• Task to carry out: Copy out each line of the material below that holds the string "item".

• Supplied data:

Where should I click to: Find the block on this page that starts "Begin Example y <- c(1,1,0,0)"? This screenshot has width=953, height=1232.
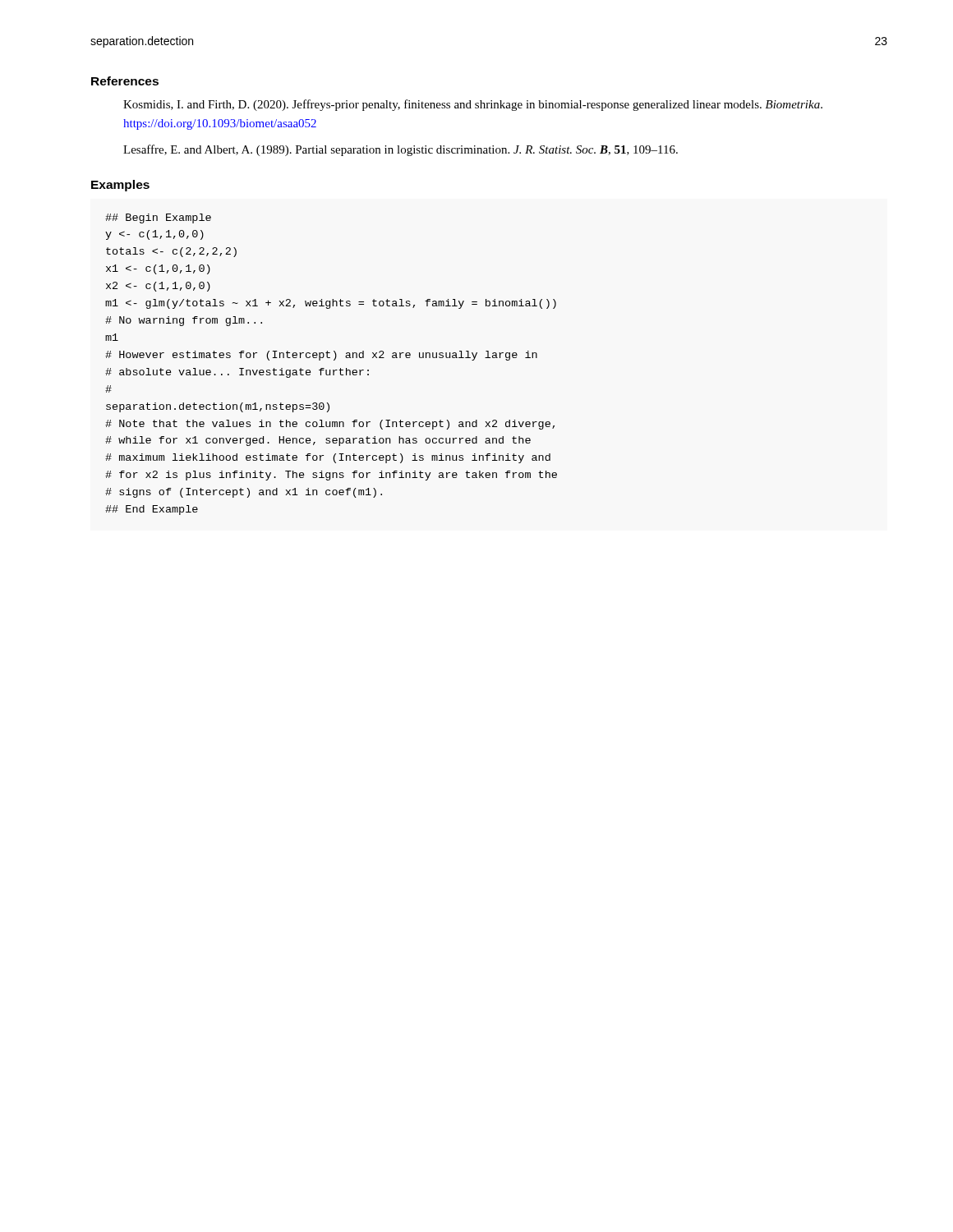pos(489,364)
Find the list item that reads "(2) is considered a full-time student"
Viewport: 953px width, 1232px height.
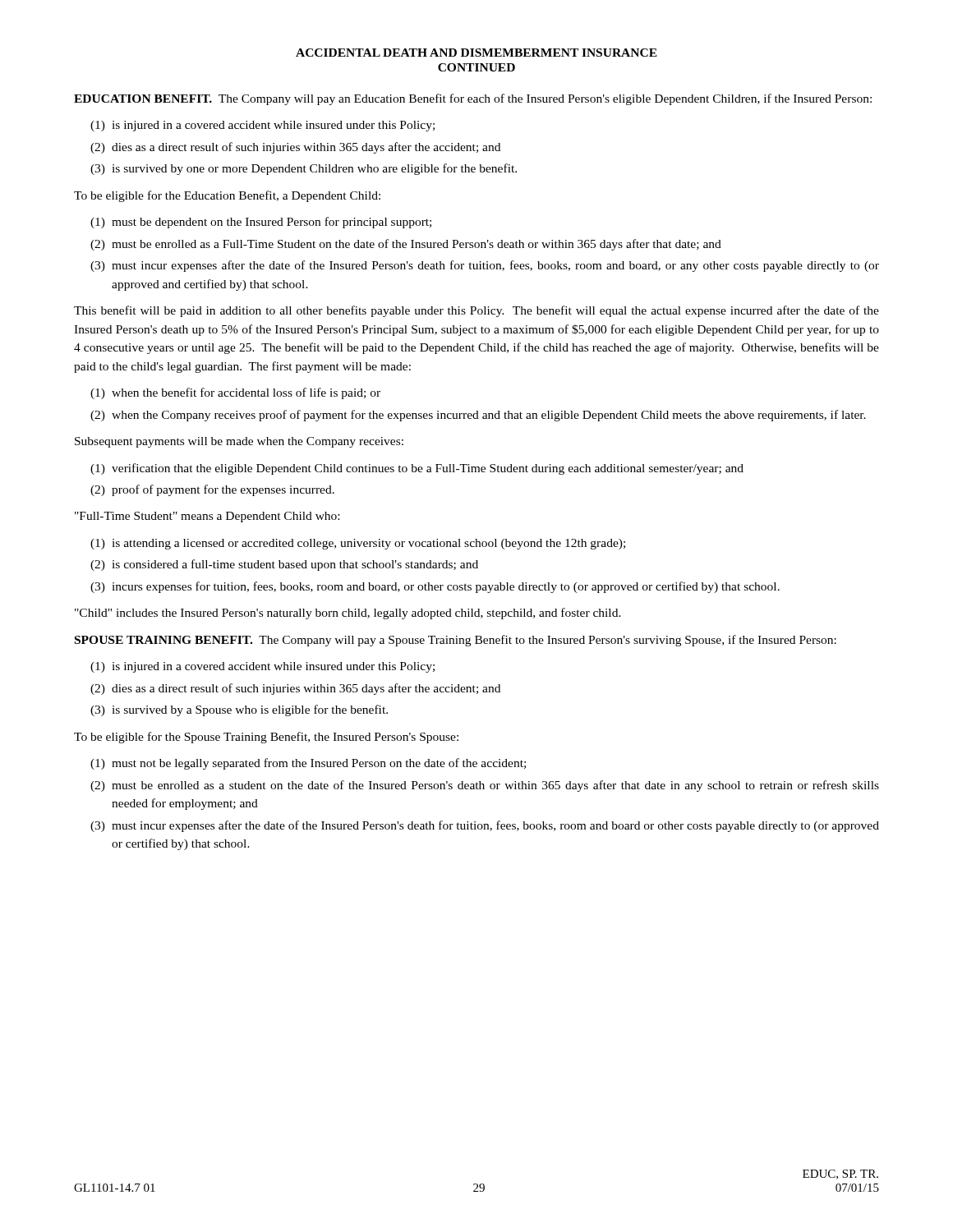point(476,565)
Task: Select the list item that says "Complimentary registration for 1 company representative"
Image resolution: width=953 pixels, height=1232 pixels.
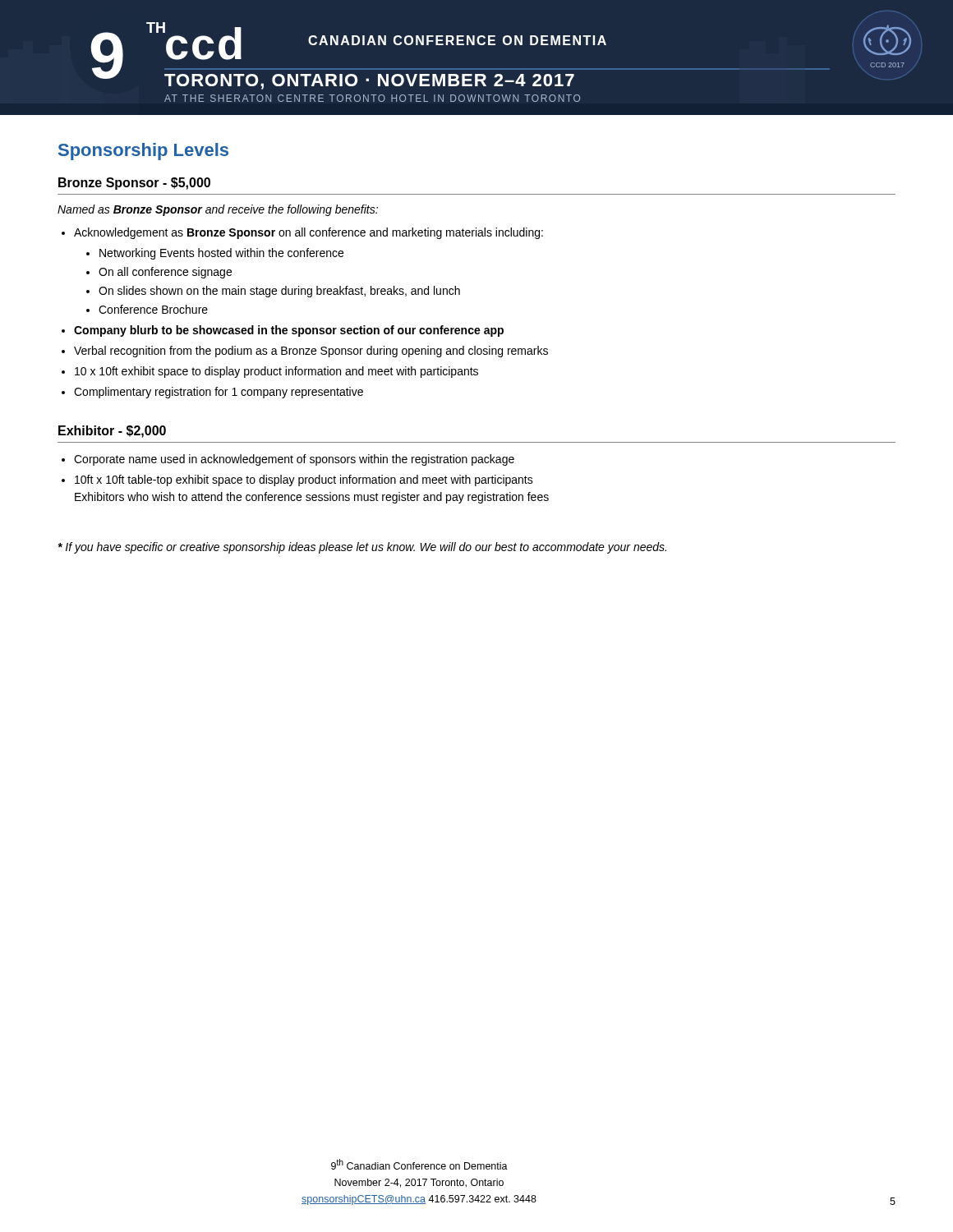Action: 219,393
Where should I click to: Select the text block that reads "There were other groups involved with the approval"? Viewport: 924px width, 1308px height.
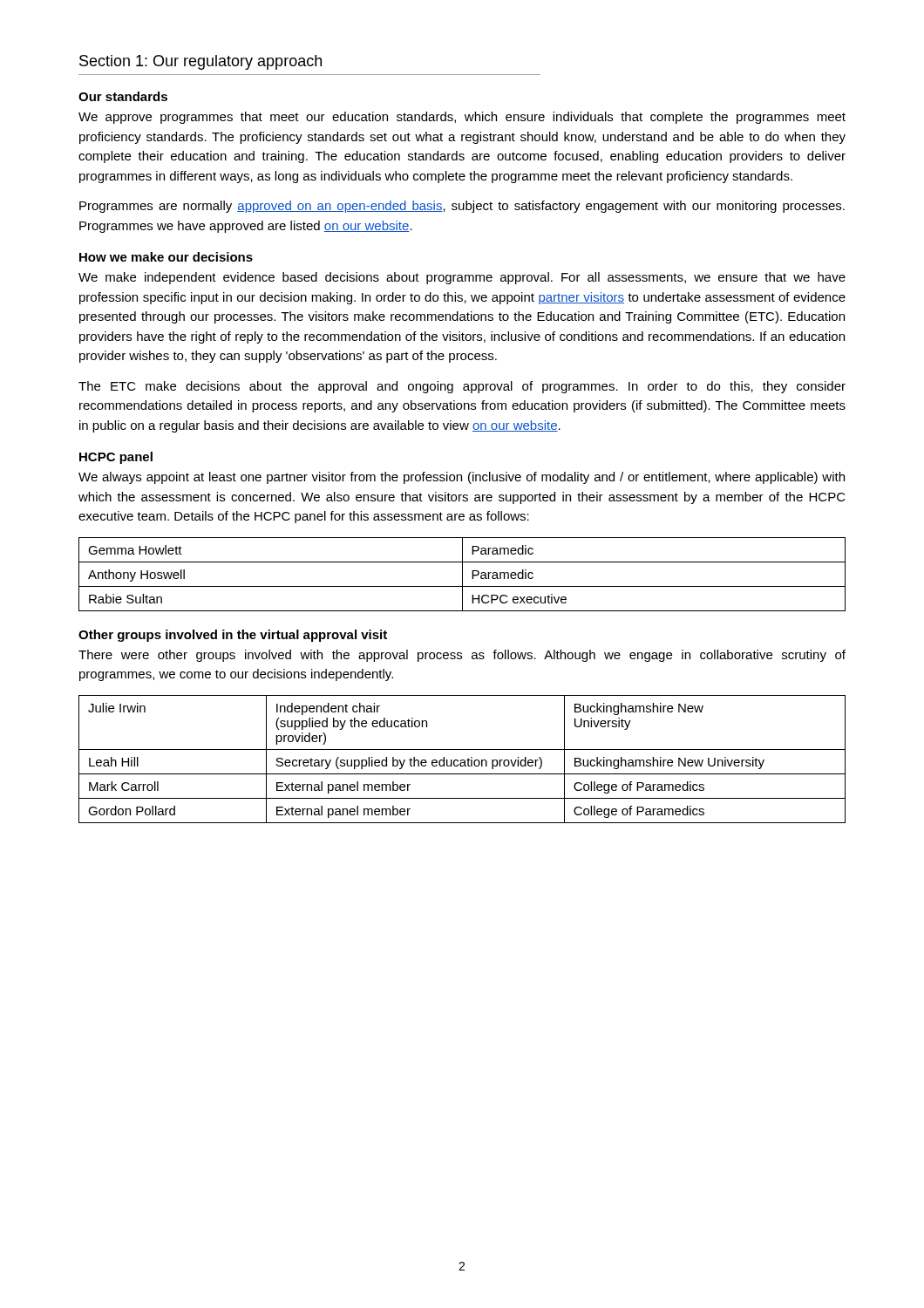(462, 664)
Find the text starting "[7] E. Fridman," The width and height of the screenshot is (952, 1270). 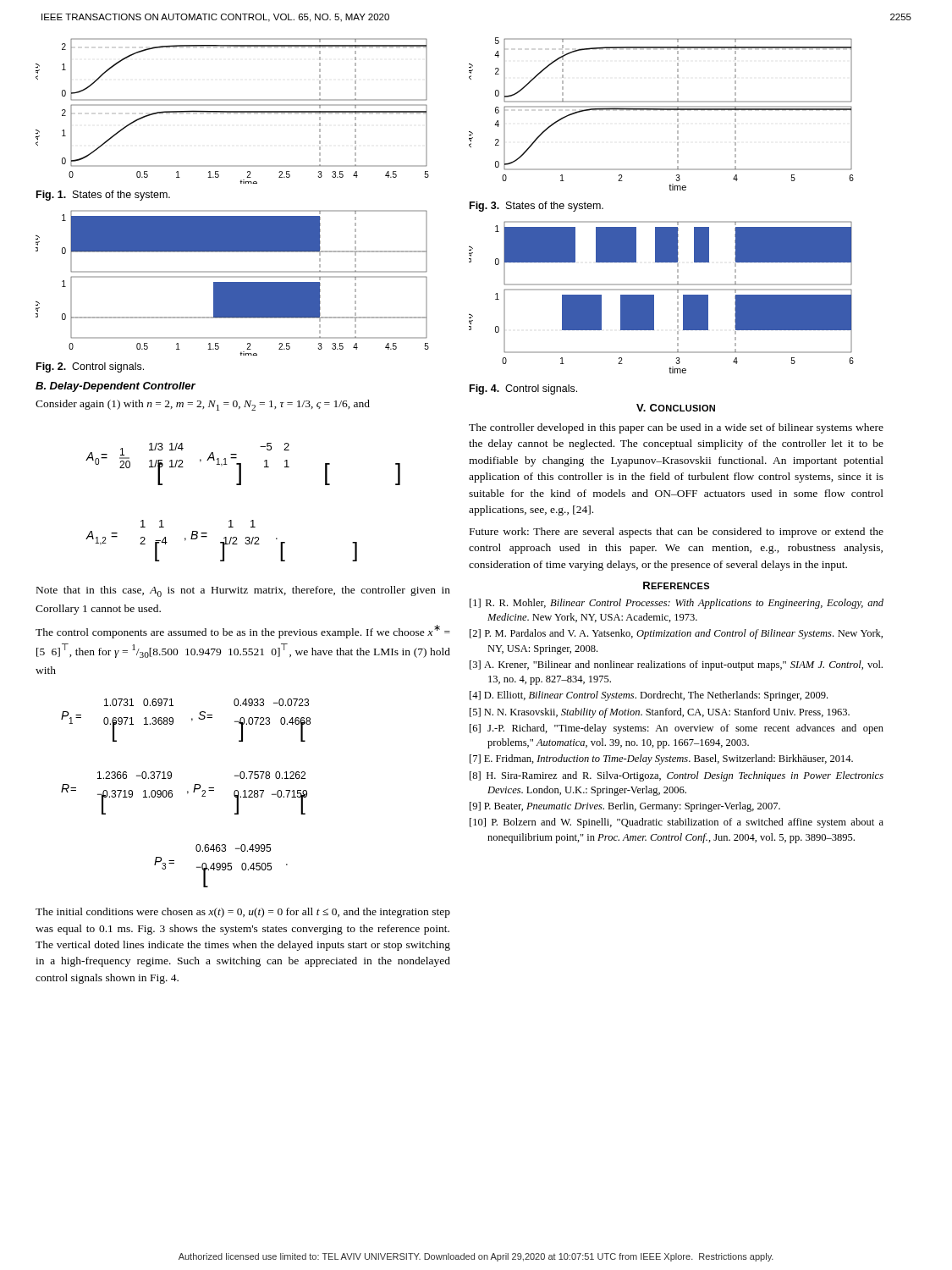(x=661, y=759)
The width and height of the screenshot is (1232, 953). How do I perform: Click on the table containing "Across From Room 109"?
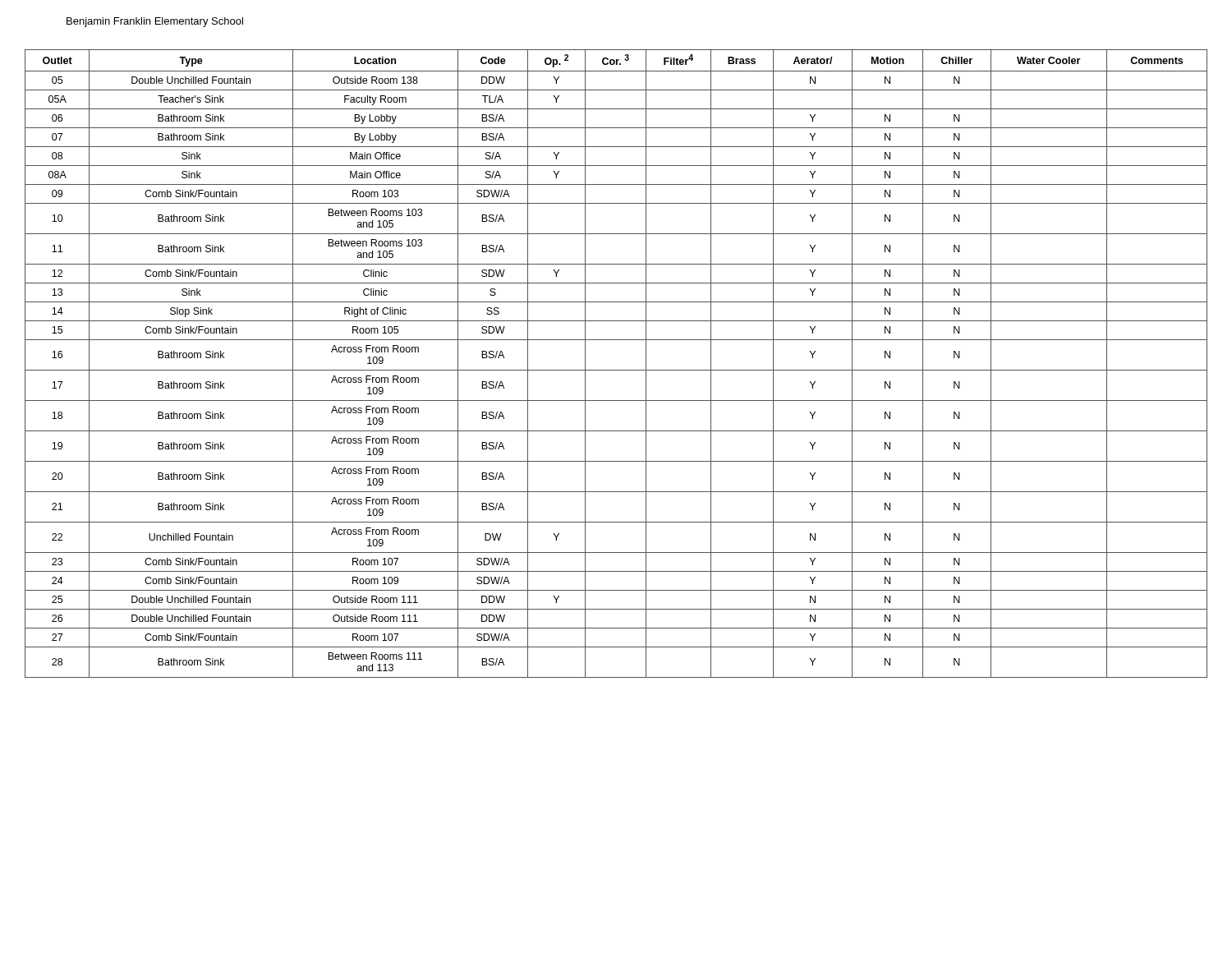pyautogui.click(x=616, y=364)

• Answer space:
Find the list item that reads "(2) is considered a full-time student"
Task: Select the list item that says "Complimentary registration for 1 company representative"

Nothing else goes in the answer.